Designing 3D Models for Immersive VR mode

This document provides essential tips and best practices to ensure your 3D models deliver a compelling and comfortable VR experience. Following these guidelines will enhance immersion, reduce motion sickness, and optimize performance.

Rendering performance is a complex topic

In what follows, we provide general guidance and recommendations that can help set appropriate expectations for WebXR experiences running on Meta Quest headsets. But at the outset, it’s important to emphasize that these are recommendations and not guarantees. Rendering performance is a complex topic. Seemingly small, subtle differences can have a significant impact on the performance of your experience, so the only way to know for sure if these recommendations will apply to your experience is to test and measure the improvement.

Use complex materials judiciously

Popular 3D frameworks like ThreeJS and Babylon.js support PBR materials. GMetri uses ThreeJS under the hood. While these materials should be used judiciously, you can use these in your experience to great effect and still achieve good performance on Meta Quest hardware.

As mentioned above, being careful with front-to-back is critical here. You probably can’t afford to render complex materials to every fragment multiple times per frame.

PBR materials support multiple texture maps, such as diffuse, normal, ambient occlusion, roughness, and so on. The more maps you use, and the higher resolution they are, the more work the GPU has to do. Texture bandwidth (the amount of texels the GPU has to read) can become a bottleneck. Experiment with dropping maps entirely or using lower-resolution maps for some or all of the material’s maps as a way to reduce the cost of these materials.

Compress your textures

KTX 2.0/Basis Universal is the recommended approach to texture compression for WebXR experiences on Meta Quest devices. While this may not result in file sizes that are as small as JPEG or PNG, the in-memory size of the texture will be smaller and the GPU can access these textures more efficiently which will decrease the texture bandwidth of your scene.

Here are a few resources to help you get started on compressing your textures

• Use https://gltf.report/ to visualize how much VRAM will be consumed by rendering your 3D model. You want to keep this as low as possible < 10-20MBs

• https://gltf.report/ also provides a scripting toolkit that uses gltf-transform internally and can optimize your 3D models.
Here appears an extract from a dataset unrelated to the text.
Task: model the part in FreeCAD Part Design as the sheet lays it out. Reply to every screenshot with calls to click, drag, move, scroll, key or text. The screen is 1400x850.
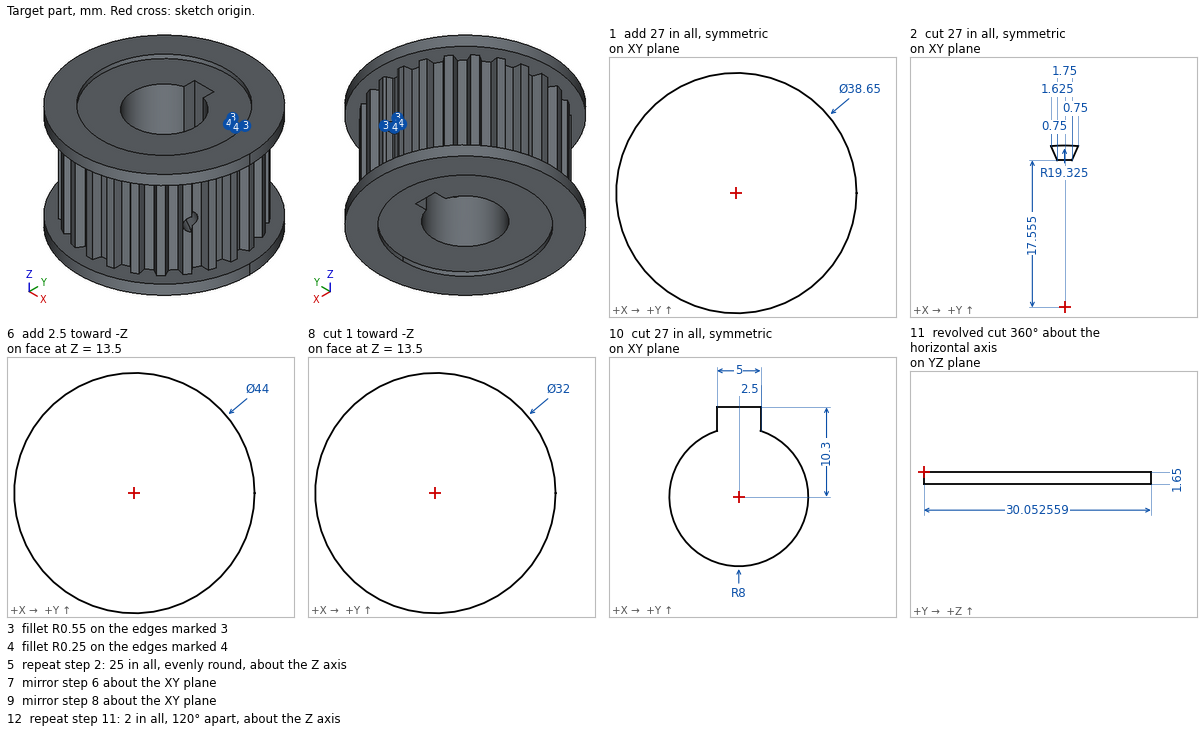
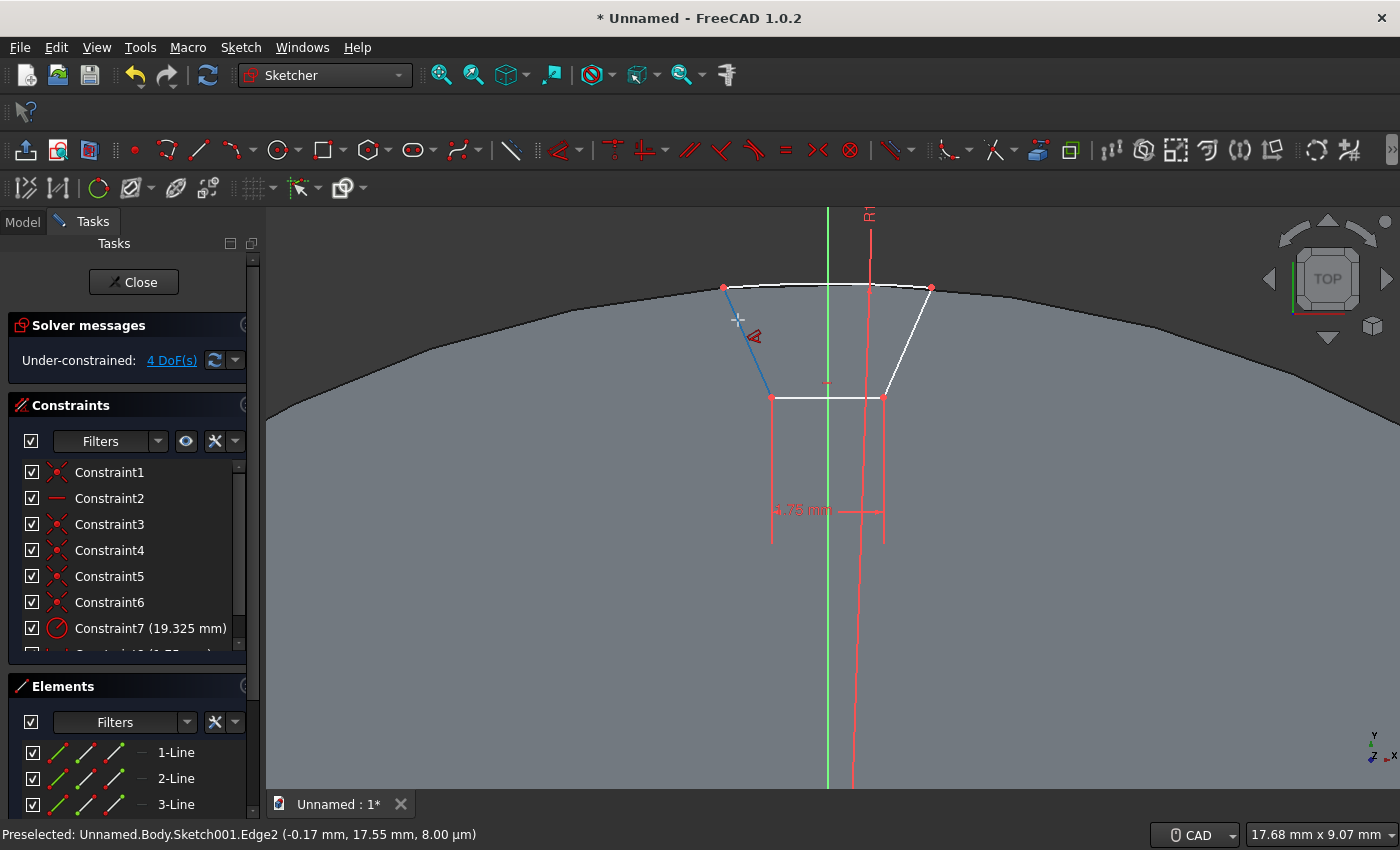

• Use the ZenCompress tool for compressing textures to KTX2/Basis compressed textures. This video covers the tool in detail https://www.youtube.com/watch?v=gsqrHDmgTfA

• Follow this video to look for more ways to optimize your 3D model https://www.youtube.com/watch?v=Djx5WltmTUU

Mesh Recommendations

• Keep the triangle/poly count under 10000

• Merge as many meshes as possible into a single mesh to reduce draw calls. A tutorial on how to merge meshes using Blender can be found here https://blenderfaqs.com/blog/blender-how-to-combine-meshes

• Reduce the number of textures used. In an ideal scenario, keep only the base texture and remove all other textures (bump map, normal map, emissive map, etc)

• Ensure that meshes are not densely packed in a localized region. For example, this can happen in 3D models that represent a meeting room with chairs and tables. The meshes can be densely packed for the chairs

• Use lower-resolution textures. Recommended resolution is <2K

• Use https://gltf.report/ to visualize how much VRAM will be consumed by rendering your 3D model. You want to keep this as low as possible. Recommended is <30Mbs.

• Ensure that the draw calls are low. Recommended is < 10

• Avoid heavy use of lights. Instead, light bake all the textures using 3D modeling software

• Remove any unused meshes, vertices, and textures from the 3D model. Any unused textures and meshes are still loaded into RAM.

Draw Calls

The GPU doesn’t render on its own – it has the CPU telling it what to render and how, through the process of a draw call. A draw call is ‘A group of polygons sharing the same properties’ or ‘a group of polygons sharing the same material’.

So say you have a tree that has a material for the bark, one for the leaves and one for the berries/pinecones/acorns. Three draw calls, doesn’t seem a lot? Except you are now on a hill overlooking a forest and there’s several hundred trees in view. That’s now in to the thousands of drawcalls.

But why is this a bad thing? Draw calls are slow due to the tiny pauses the GPU makes between each draw call as it waits for the next piece of information to be handed to it from the CPU. Think of the difference between handing over a 1 GB file vs 1mil 1KB files – it’s much quicker to do one big pass that many little ones. Draw calls will often have a more substantial impact on performance than polycount. It is always best practice to make assets as low poly as you can without losing the visual fidelity you are after.

Reducing Draw Calls

There are a few different techniques you can look into to reducing your draw calls.

• A common solution is to use a texture atlas – where you combine all of the different texture maps used on a mesh into one single big texture. There can sometimes be issues with texture bleeding at low resolutions, but this is relatively minor compared to the performance gains that can be made.

• One other simple method to reduce draw calls is to combine models together that share the same materials. So instead of placing each tree by hand, you group several trees together and then place them in groups. Instead of each tree being a draw call, especially if they share the same material, the whole group becomes one.